How to prevent meat sweats: tips and tricks for staying cool after a big meal
As there is no real treatment for meat sweats, the best thing you can do is to take steps to prevent it from appearing in the first place. Eating a large amount of meat in one go can significantly increase the body’s metabolic activity, so it’s safer to eat smaller portions of meat and spread them out over the course of the day.
It’s also a good idea to avoid combining large high-protein meals with alcohol. If possible, try not to add spices to high-protein foods or use very mild seasonings as spicy foods like pepper contain chemicals that trigger the nerves that make your body feel warmer, so you sweat to cool it back down.
And if you’re particularly prone to meat sweats, you can try eating high-protein meals only in cool, comfortable environments. The body’s temperature is challenged as it is while eating meat, so might as well do yourself a favor and mind your environment.
Alternatively, you can choose to cut down on meat consumption in general, something that comes with other health benefits. Red meat and processed meats, including bacon, hot dogs, lunch meats, and cured meats, can cause inflammation. For instance, studies show that red meat intake is associated with higher levels of inflammatory markers like c-reactive protein (CRP), even when controlling for other dietary and lifestyle factors.
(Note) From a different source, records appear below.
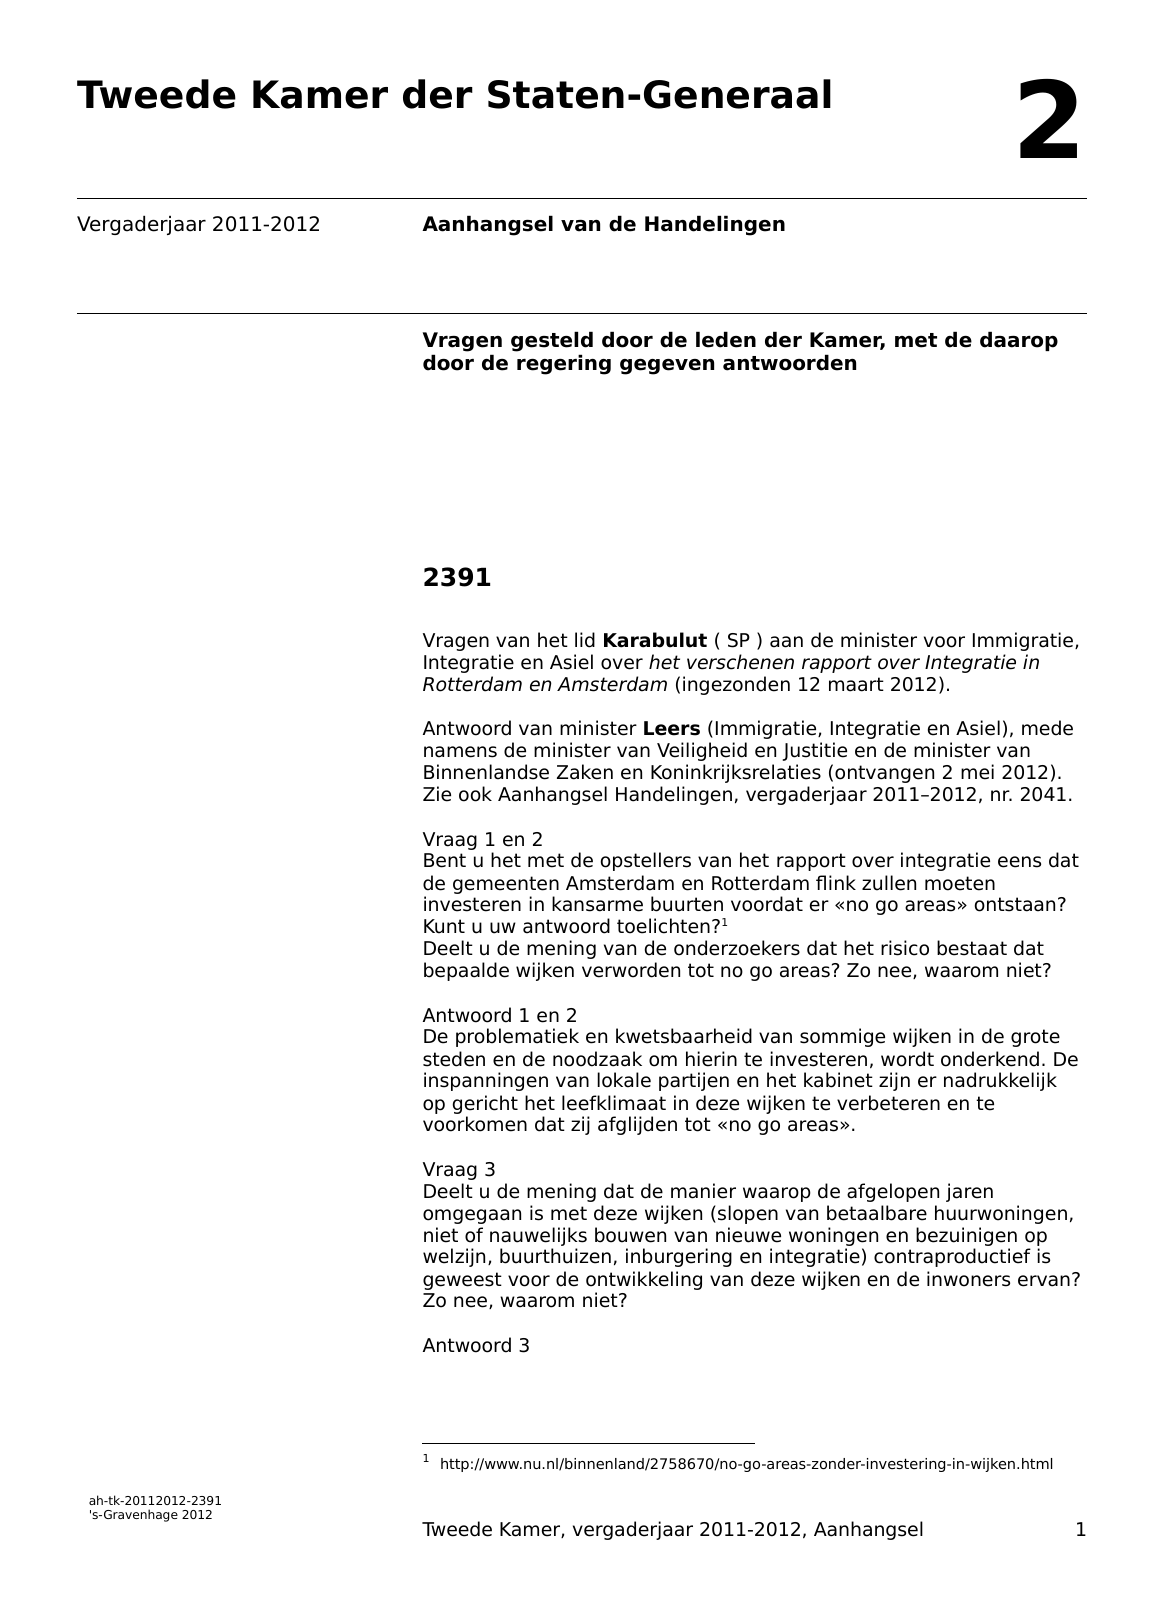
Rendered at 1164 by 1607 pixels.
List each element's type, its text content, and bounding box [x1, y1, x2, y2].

table_cell Vergaderjaar 2011-2012 [77, 199, 422, 313]
text Antwoord 3 [422, 1334, 1087, 1357]
table_cell [77, 314, 422, 375]
text http://www.nu.nl/binnenland/2758670/no-go-areas-zonder-investering-in-wijken.html [422, 1452, 1087, 1474]
table_header 2 [886, 59, 1087, 198]
text Bent u het met de opstellers van het rapport over integratie eens dat de gemeenten Amsterdam en Rotterdam flink zullen moeten investeren in kansarme buurten voordat er «no go areas» ontstaan? Kunt u uw antwoord toelichten? [422, 850, 1087, 938]
text De problematiek en kwetsbaarheid van sommige wijken in de grote steden en de noodzaak om hierin te investeren, wordt onderkend. De inspanningen van lokale partijen en het kabinet zijn er nadrukkelijk op gericht het leefklimaat in deze wijken te verbeteren en te voorkomen dat zij afglijden tot «no go areas». [422, 1026, 1087, 1136]
table_header Tweede Kamer der Staten-Generaal [77, 59, 886, 198]
table_cell Aanhangsel van de Handelingen [422, 199, 1087, 313]
text Antwoord van minister Leers (Immigratie, Integratie en Asiel), mede namens de minister van Veiligheid en Justitie en de minister van Binnenlandse Zaken en Koninkrijksrelaties (ontvangen 2 mei 2012). Zie ook Aanhangsel Handelingen, vergaderjaar 2011–2012, nr. 2041. [422, 718, 1087, 806]
text Deelt u de mening dat de manier waarop de afgelopen jaren omgegaan is met deze wijken (slopen van betaalbare huurwoningen, niet of nauwelijks bouwen van nieuwe woningen en bezuinigen op welzijn, buurthuizen, inburgering en integratie) contraproductief is geweest voor de ontwikkeling van deze wijken en de inwoners ervan? Zo nee, waarom niet? [422, 1181, 1087, 1312]
text ah-tk-20112012-2391 [88, 1494, 323, 1508]
text 's-Gravenhage 2012 [88, 1508, 323, 1522]
text Vraag 1 en 2 [422, 828, 1087, 850]
text Antwoord 1 en 2 [422, 1004, 1087, 1026]
text Vragen van het lid Karabulut ( SP ) aan de minister voor Immigratie, Integratie en Asiel over het verschenen rapport over Integratie in Rotterdam en Amsterdam (ingezonden 12 maart 2012). [422, 630, 1087, 696]
text Vraag 3 [422, 1158, 1087, 1181]
text 2391 [422, 563, 1087, 592]
text Deelt u de mening van de onderzoekers dat het risico bestaat dat bepaalde wijken verworden tot no go areas? Zo nee, waarom niet? [422, 938, 1087, 982]
table_cell Vragen gesteld door de leden der Kamer, met de daarop door de regering gegeven antwoorden [422, 314, 1087, 375]
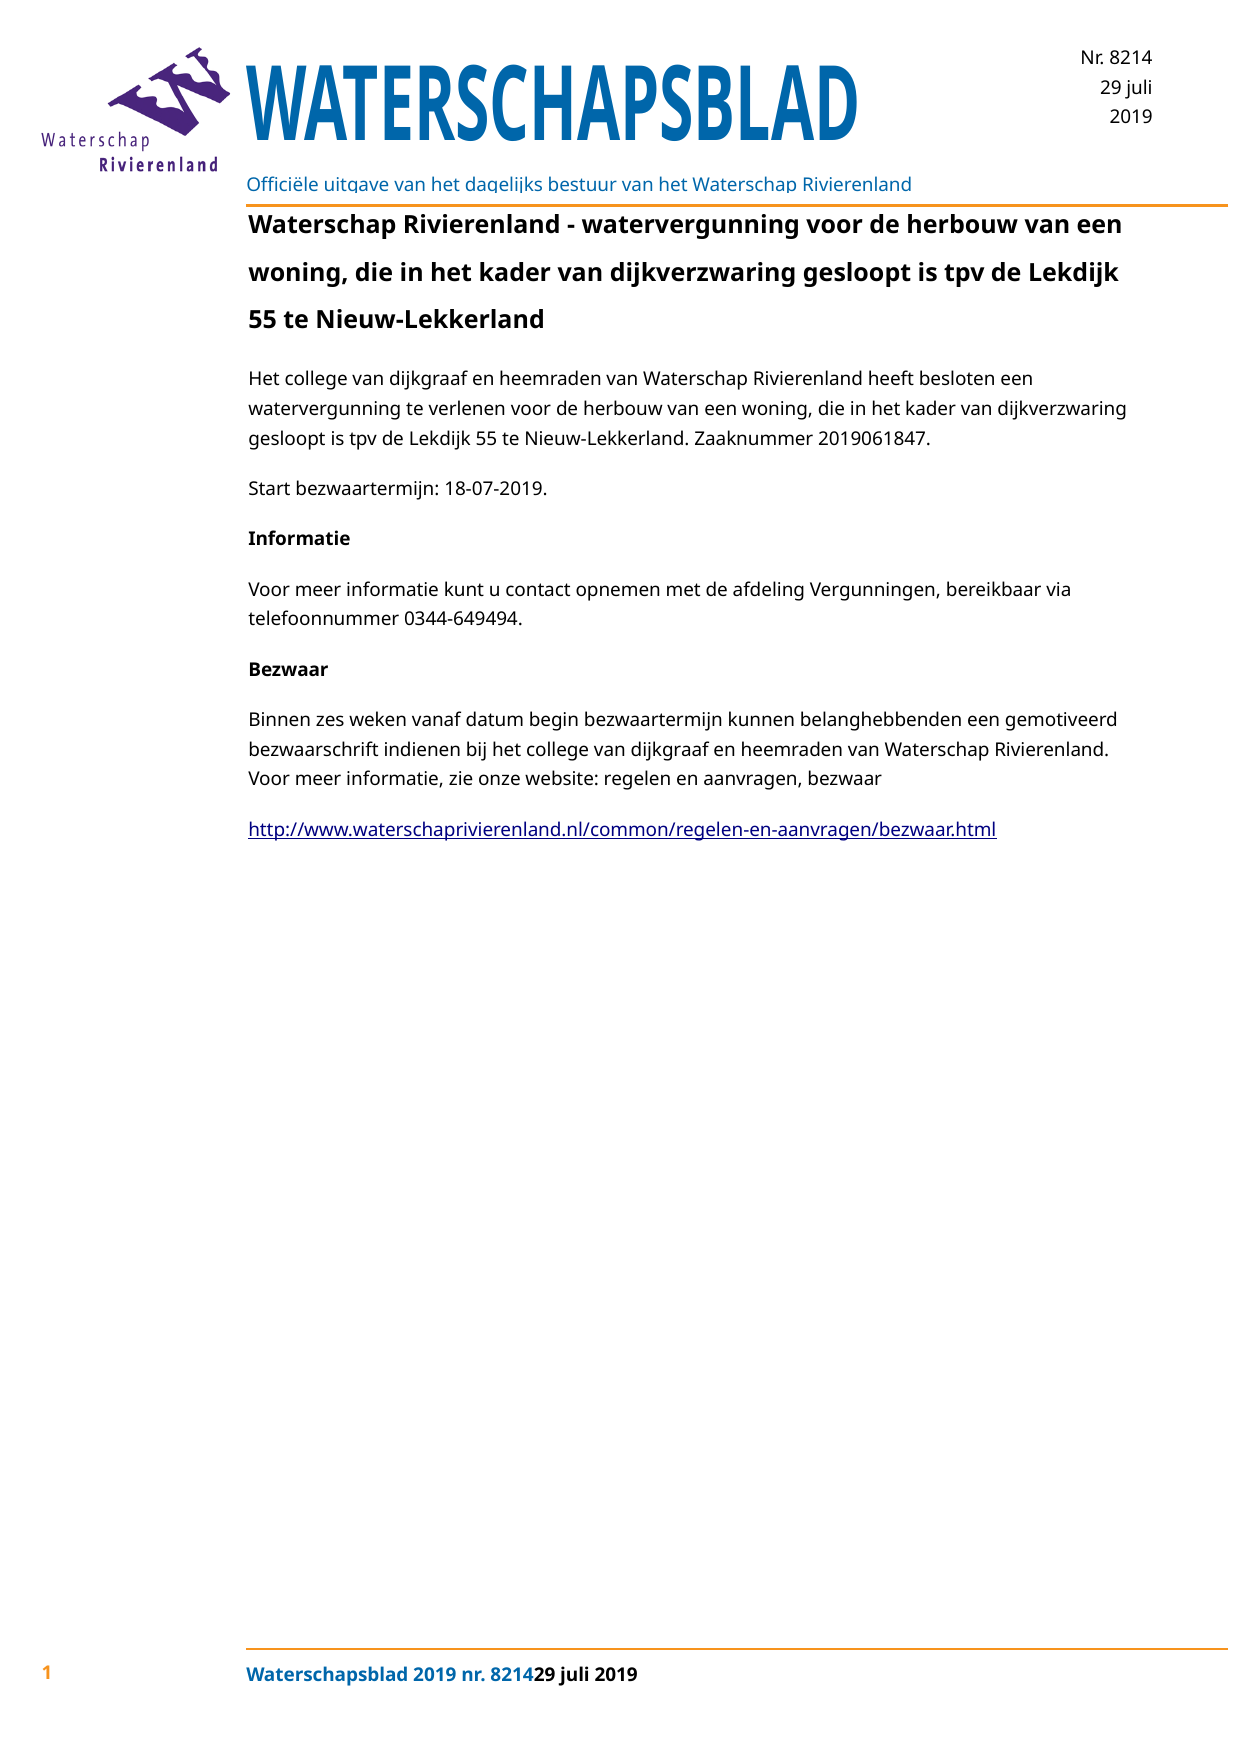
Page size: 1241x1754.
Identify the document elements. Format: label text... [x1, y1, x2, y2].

text Informatie [248, 526, 1152, 551]
text Waterschap Rivierenland - watervergunning voor de herbouw van een woning, die in het kader van dijkverzwaring gesloopt is tpv de Lekdijk 55 te Nieuw-Lekkerland [248, 207, 1152, 336]
text Binnen zes weken vanaf datum begin bezwaartermijn kunnen belanghebbenden een gemotiveerd bezwaarschrift indienen bij het college van dijkgraaf en heemraden van Waterschap Rivierenland. Voor meer informatie, zie onze website: regelen en aanvragen, bezwaar [248, 706, 1152, 791]
picture [41, 47, 231, 172]
text http://www.waterschaprivierenland.nl/common/regelen-en-aanvragen/bezwaar.html [248, 816, 1152, 842]
text Start bezwaartermijn: 18-07-2019. [248, 475, 1152, 501]
text Voor meer informatie kunt u contact opnemen met de afdeling Vergunningen, bereikbaar via telefoonnummer 0344-649494. [248, 576, 1152, 631]
text Het college van dijkgraaf en heemraden van Waterschap Rivierenland heeft besloten een watervergunning te verlenen voor de herbouw van een woning, die in het kader van dijkverzwaring gesloopt is tpv de Lekdijk 55 te Nieuw-Lekkerland. Zaaknummer 2019061847. [248, 366, 1152, 450]
text Bezwaar [248, 656, 1152, 682]

Meanwhile, a high intake of whole grains reduces CRP. Red meat also triggers the production of trimethylamine N-oxide, or TMO, which the body needs to effectively digest and metabolize meat, but which also triggers inflammation in the process. These inflammatory compounds are present in meat regardless of whether it’s organic or grass-fed.
Many different chronic diseases, from cardiovascular disease to rheumatoid arthritis and certain cancers to neurodegenerative diseases like Alzheimer’s disease and Parkinson’s disease, are associated with inflammation. So by cutting back on meat consumption to only moderate levels you are effectively reducing the risk of almost all types of chronic diseases.